Nakumatt debt crisis avoidable, say experts

A Nakumatt outlet in Nyali, Mombasa. FILE PHOTO | NMG
A Nakumatt outlet in Nyali, Mombasa. FILE PHOTO | NMG 

The Kenya National Chamber of Commerce and Industry (KNCCI) is calling for information sharing between companies to avert business risks.

The chamber’s Nairobi chapter said although firms are naturally in competition, they should have joint mechanisms to discuss risks that could irredeemably hurt them.

“They should co-operate in information sharing, peer review and self-regulation to warn them of potential pitfalls and minefields before these translate to losses,” said Nairobi Chapter chairman Richard Ngatia.

He spoke in the wake of financial tribulations facing Nakumatt, which has been Kenya’s largest retail chain by number of outlets.

Nakumatt now faces liquidation after the High Court last week threw out a petition seeking to appoint a receiver manager.

In a better environment, creditors could have helped avert the current challenges facing the supermarket. More than 50 companies have joined a court petition seeking to declare the retailer insolvent.

Mr Ngatia said had there been forums to share information on the prevailing business environment, the debt woes facing Nakumatt could have been avoided.

The retailer’s experience, he added, should serve as a lesson to businesses to approach issues of mutual interest in a more structured and regulated way.

The retail chain owes creditors between Sh30 billion and Sh40 billion. Top creditors include dairy company Brookside (Sh457 million), furniture distributor Redstar International (Sh261 million), Kisima Management (Sh201 million), dairy processor New KCC (Sh290 million), Kenindia Insurance (Sh167.2 million) and Nexus Holdings (Sh103 million).

Others include Chania Veterinary Distributors (Sh97.9 million), Kevian (Sh90.2 million) and Haco Industries (Sh71.8 million).

“If the creditors, who had first suffered the pain of non-payment, had ventilated their frustrations within a structured institutional framework, other businesses would have been more careful in dealing with Nakumatt,” said Mr Ngatia.

Last week, the Competition Authority of Kenya (CAK) halted the planned merger of Nakumatt Holdings with Tuskys Supermarkets, saying Tuskys’ shareholders should first resolve internal wrangles.

CAK said the objector, who is a shareholder in Tusky’s Supermarkets, had raised issues relating to ownership of the supermarket, its financial status and viability of the intended transaction.

“It is prudent for Tuskys Supermarkets shareholders to resolve their disputes first,” said CAK.
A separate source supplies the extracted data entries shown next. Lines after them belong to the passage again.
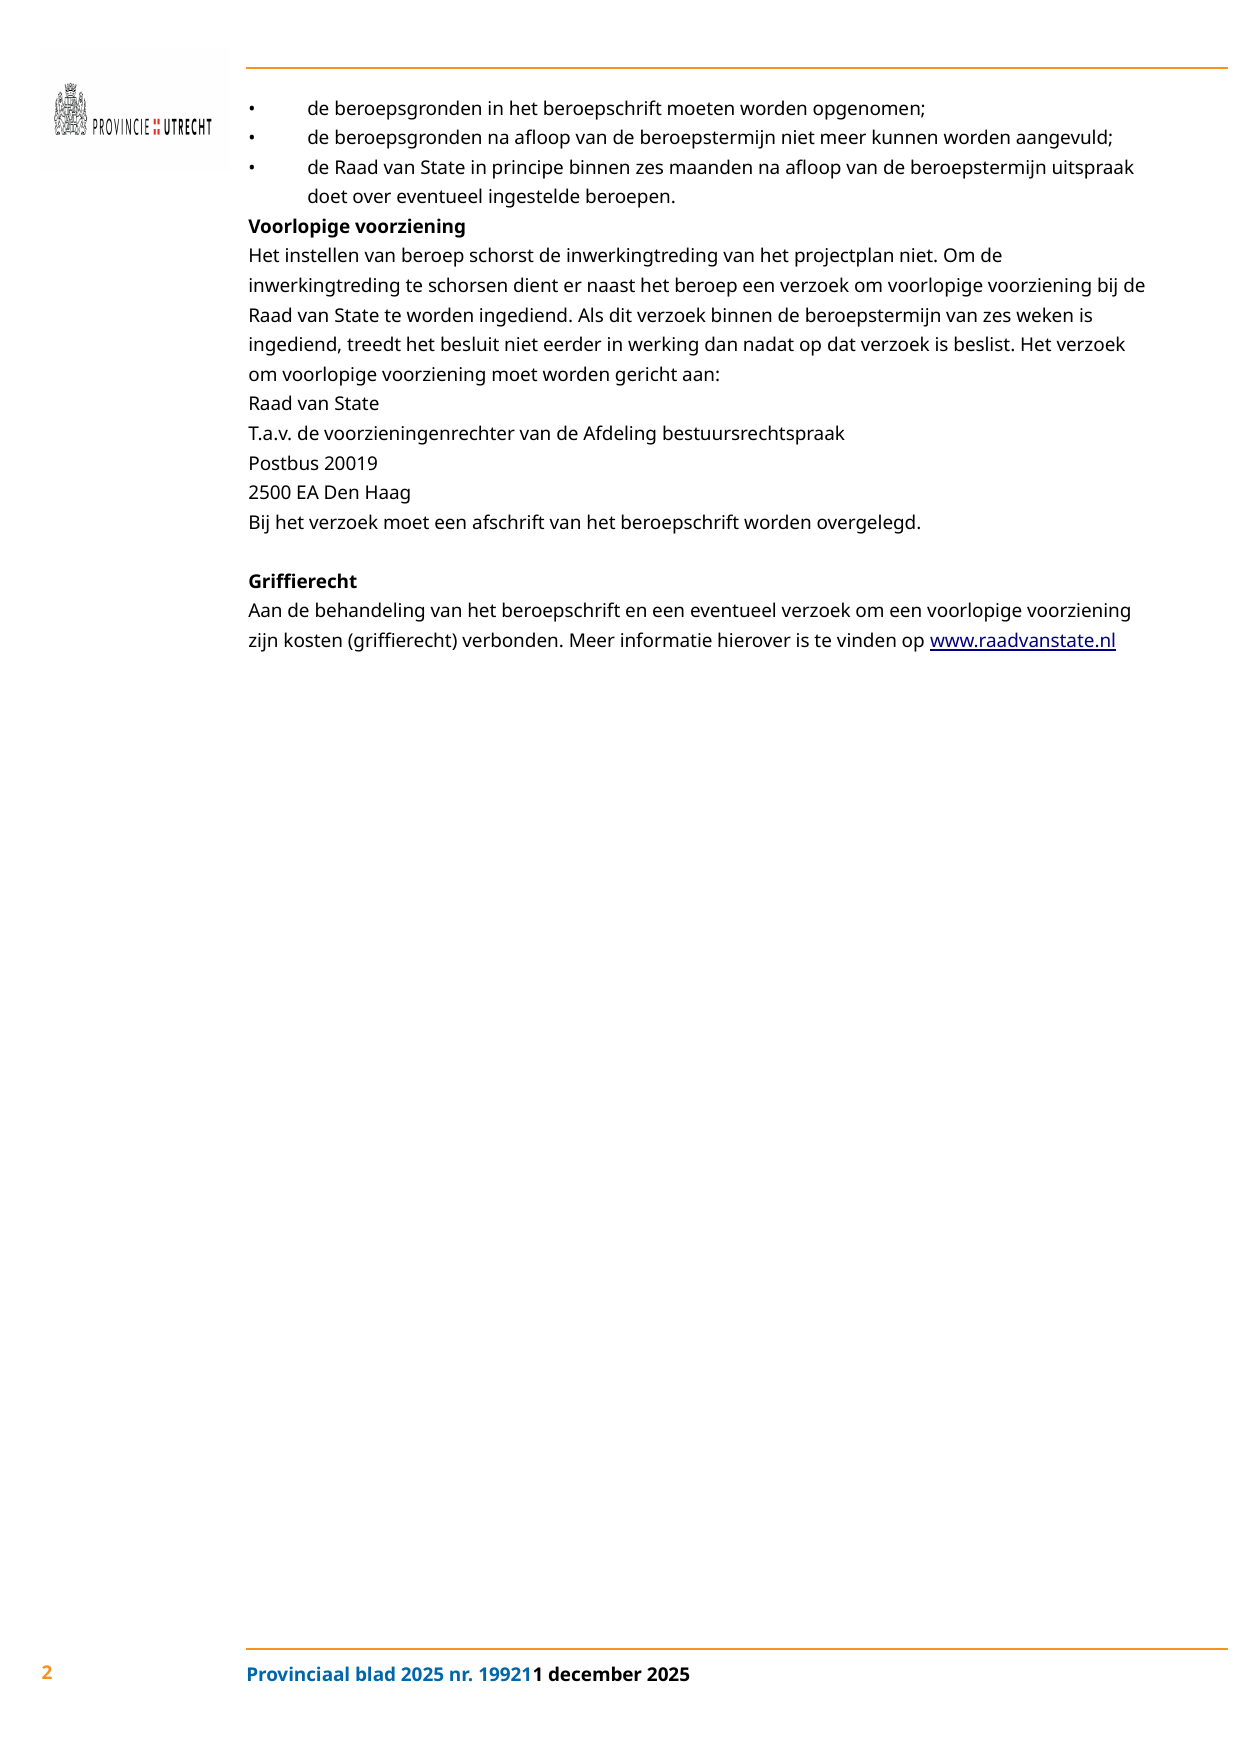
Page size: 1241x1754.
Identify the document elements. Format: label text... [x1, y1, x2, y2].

text Raad van State [248, 391, 1152, 416]
text T.a.v. de voorzieningenrechter van de Afdeling bestuursrechtspraak [248, 420, 1152, 446]
text 2500 EA Den Haag [248, 479, 1152, 505]
list de beroepsgronden in het beroepschrift moeten worden opgenomen; [248, 95, 1152, 121]
text Aan de behandeling van het beroepschrift en een eventueel verzoek om een voorlopige voorziening zijn kosten (griffierecht) verbonden. Meer informatie hierover is te vinden op www.raadvanstate.nl [248, 598, 1152, 653]
text Voorlopige voorziening [248, 213, 1152, 239]
picture [41, 47, 231, 172]
list de Raad van State in principe binnen zes maanden na afloop van de beroepstermijn uitspraak doet over eventueel ingestelde beroepen. [248, 154, 1152, 209]
text Griffierecht [248, 568, 1152, 594]
list de beroepsgronden na afloop van de beroepstermijn niet meer kunnen worden aangevuld; [248, 124, 1152, 150]
text Het instellen van beroep schorst de inwerkingtreding van het projectplan niet. Om de inwerkingtreding te schorsen dient er naast het beroep een verzoek om voorlopige voorziening bij de Raad van State te worden ingediend. Als dit verzoek binnen de beroepstermijn van zes weken is ingediend, treedt het besluit niet eerder in werking dan nadat op dat verzoek is beslist. Het verzoek om voorlopige voorziening moet worden gericht aan: [248, 243, 1152, 387]
text Bij het verzoek moet een afschrift van het beroepschrift worden overgelegd. [248, 509, 1152, 535]
text Postbus 20019 [248, 450, 1152, 476]
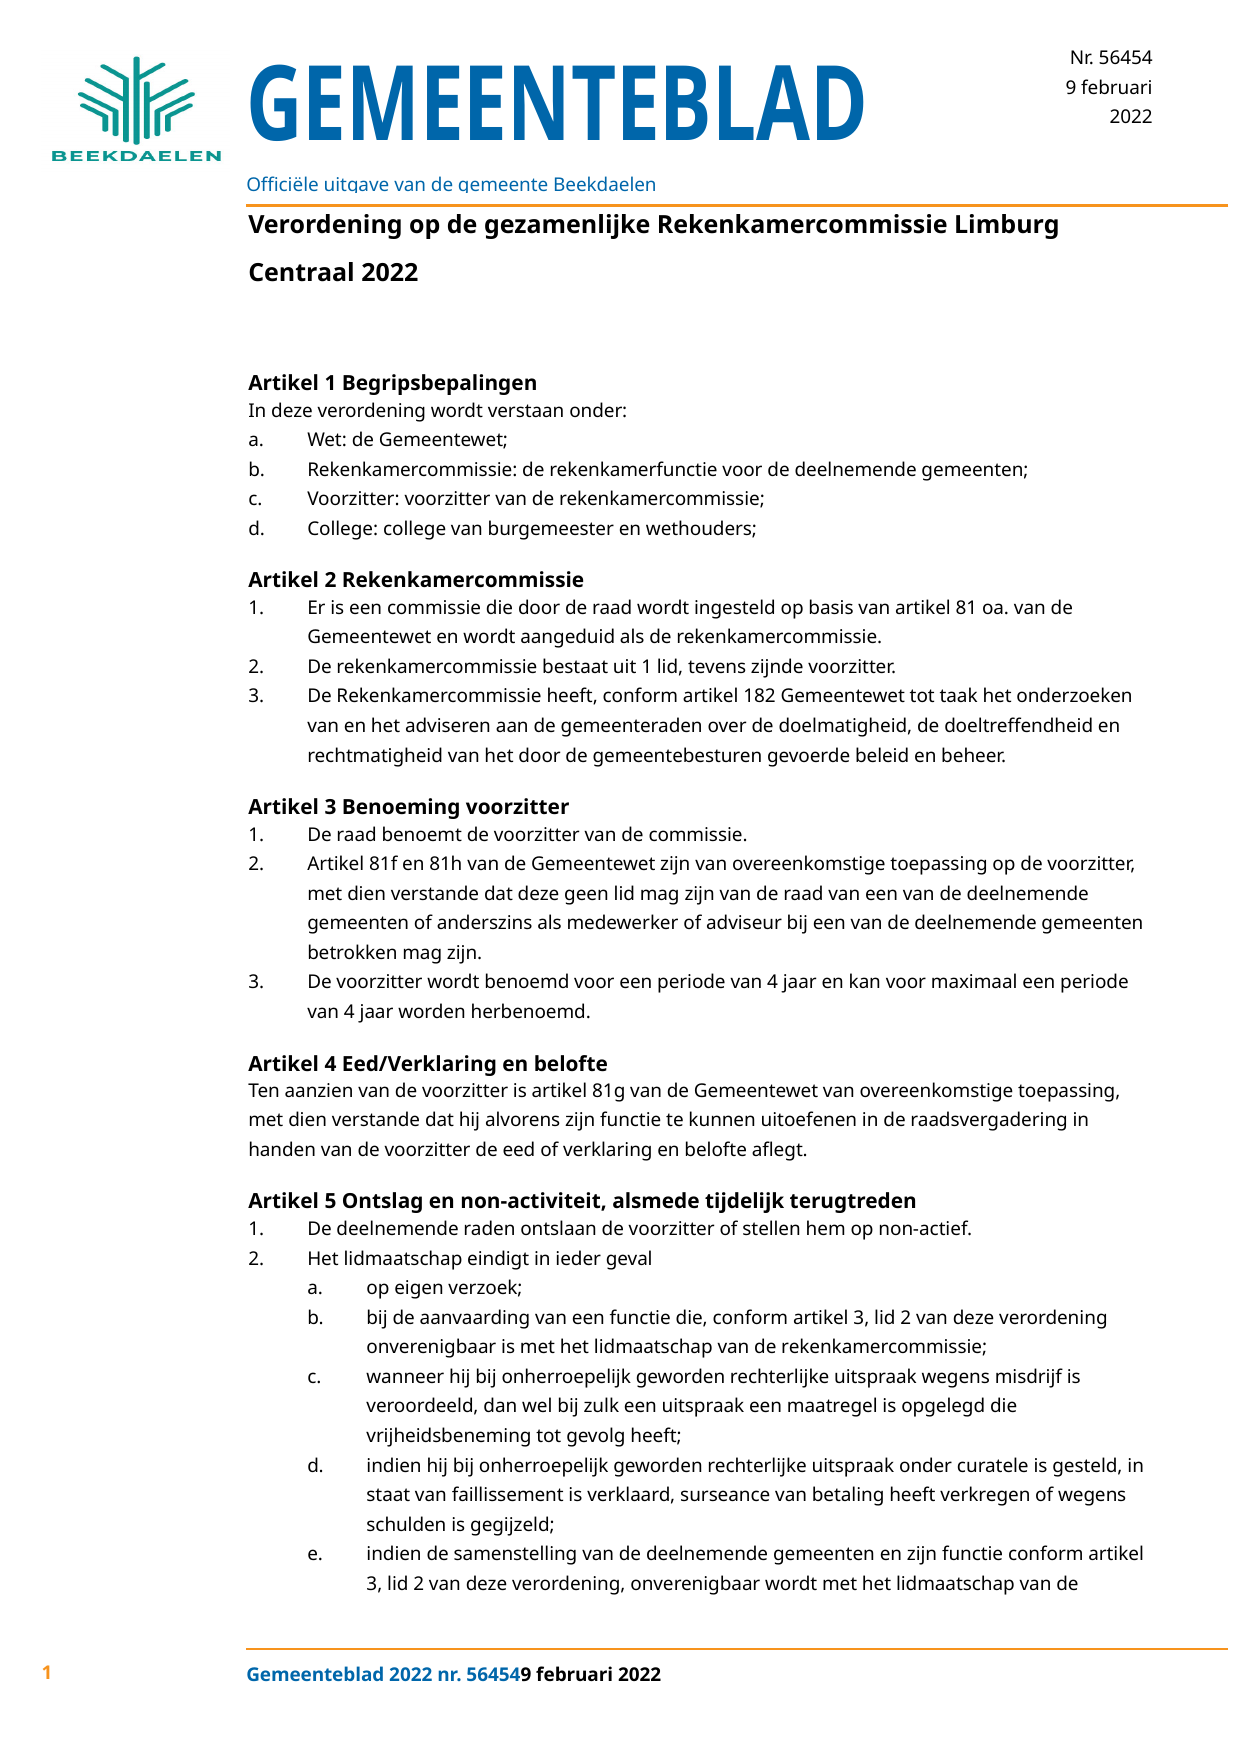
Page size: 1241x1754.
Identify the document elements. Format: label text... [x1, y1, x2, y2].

text Artikel 2 Rekenkamercommissie [248, 566, 1152, 594]
text Artikel 1 Begripsbepalingen [248, 368, 1152, 397]
list wanneer hij bij onherroepelijk geworden rechterlijke uitspraak wegens misdrijf is veroordeeld, dan wel bij zulk een uitspraak een maatregel is opgelegd die vrijheidsbeneming tot gevolg heeft; [307, 1363, 1152, 1448]
list De rekenkamercommissie bestaat uit 1 lid, tevens zijnde voorzitter. [248, 653, 1152, 679]
list Voorzitter: voorzitter van de rekenkamercommissie; [248, 486, 1152, 511]
list Wet: de Gemeentewet; [248, 426, 1152, 452]
text Verordening op de gezamenlijke Rekenkamercommissie Limburg Centraal 2022 [248, 207, 1152, 288]
list Artikel 81f en 81h van de Gemeentewet zijn van overeenkomstige toepassing op de voorzitter, met dien verstande dat deze geen lid mag zijn van de raad van een van de deelnemende gemeenten of anderszins als medewerker of adviseur bij een van de deelnemende gemeenten betrokken mag zijn. [248, 850, 1152, 965]
list op eigen verzoek; [307, 1274, 1152, 1300]
list Het lidmaatschap eindigt in ieder geval [248, 1245, 1152, 1270]
text In deze verordening wordt verstaan onder: [248, 397, 1152, 422]
picture [41, 47, 231, 172]
text Artikel 4 Eed/Verklaring en belofte [248, 1049, 1152, 1077]
list De voorzitter wordt benoemd voor een periode van 4 jaar en kan voor maximaal een periode van 4 jaar worden herbenoemd. [248, 969, 1152, 1024]
text Artikel 3 Benoeming voorzitter [248, 792, 1152, 821]
list Er is een commissie die door de raad wordt ingesteld op basis van artikel 81 oa. van de Gemeentewet en wordt aangeduid als de rekenkamercommissie. [248, 594, 1152, 649]
list De deelnemende raden ontslaan de voorzitter of stellen hem op non-actief. [248, 1215, 1152, 1241]
text Ten aanzien van de voorzitter is artikel 81g van de Gemeentewet van overeenkomstige toepassing, met dien verstande dat hij alvorens zijn functie te kunnen uitoefenen in de raadsvergadering in handen van de voorzitter de eed of verklaring en belofte aflegt. [248, 1077, 1152, 1162]
list indien de samenstelling van de deelnemende gemeenten en zijn functie conform artikel 3, lid 2 van deze verordening, onverenigbaar wordt met het lidmaatschap van de [307, 1541, 1152, 1596]
list De raad benoemt de voorzitter van de commissie. [248, 821, 1152, 846]
text Artikel 5 Ontslag en non-activiteit, alsmede tijdelijk terugtreden [248, 1187, 1152, 1215]
list Rekenkamercommissie: de rekenkamerfunctie voor de deelnemende gemeenten; [248, 456, 1152, 482]
list College: college van burgemeester en wethouders; [248, 515, 1152, 541]
list bij de aanvaarding van een functie die, conform artikel 3, lid 2 van deze verordening onverenigbaar is met het lidmaatschap van de rekenkamercommissie; [307, 1304, 1152, 1359]
list indien hij bij onherroepelijk geworden rechterlijke uitspraak onder curatele is gesteld, in staat van faillissement is verklaard, surseance van betaling heeft verkregen of wegens schulden is gegijzeld; [307, 1452, 1152, 1537]
list De Rekenkamercommissie heeft, conform artikel 182 Gemeentewet tot taak het onderzoeken van en het adviseren aan de gemeenteraden over de doelmatigheid, de doeltreffendheid en rechtmatigheid van het door de gemeentebesturen gevoerde beleid en beheer. [248, 683, 1152, 768]

But Tuskys continues to take over shop space vacated by Nakumatt, with the latest being in  Kisii and Kisumu, adding to its network of 57 branches in Kenya and seven in Uganda.

The country’s supermarket sector is, however, among the most attractive for long-term investors in sub-Saharan Africa, according to analysts at financial advisory firm StratLink in their latest monthly update.

Besides Tuskys, South Africa retailer Shoprite is eyeing the business gap left by Nakumatt.

Mr Ngatia  noted that organisations that do not comply with statutory regulations, apply minimum standards of corporate governance and honour their contractual obligations must be flagged out at the earliest opportunity.

“….so that anyone dealing with them exercises extreme caution and otherwise takes measure to mitigate any losses that may result from that engagement. It should be possible to save the retailer and retain the value in the brand before it is too late. This is an idea whose time has come,” he said.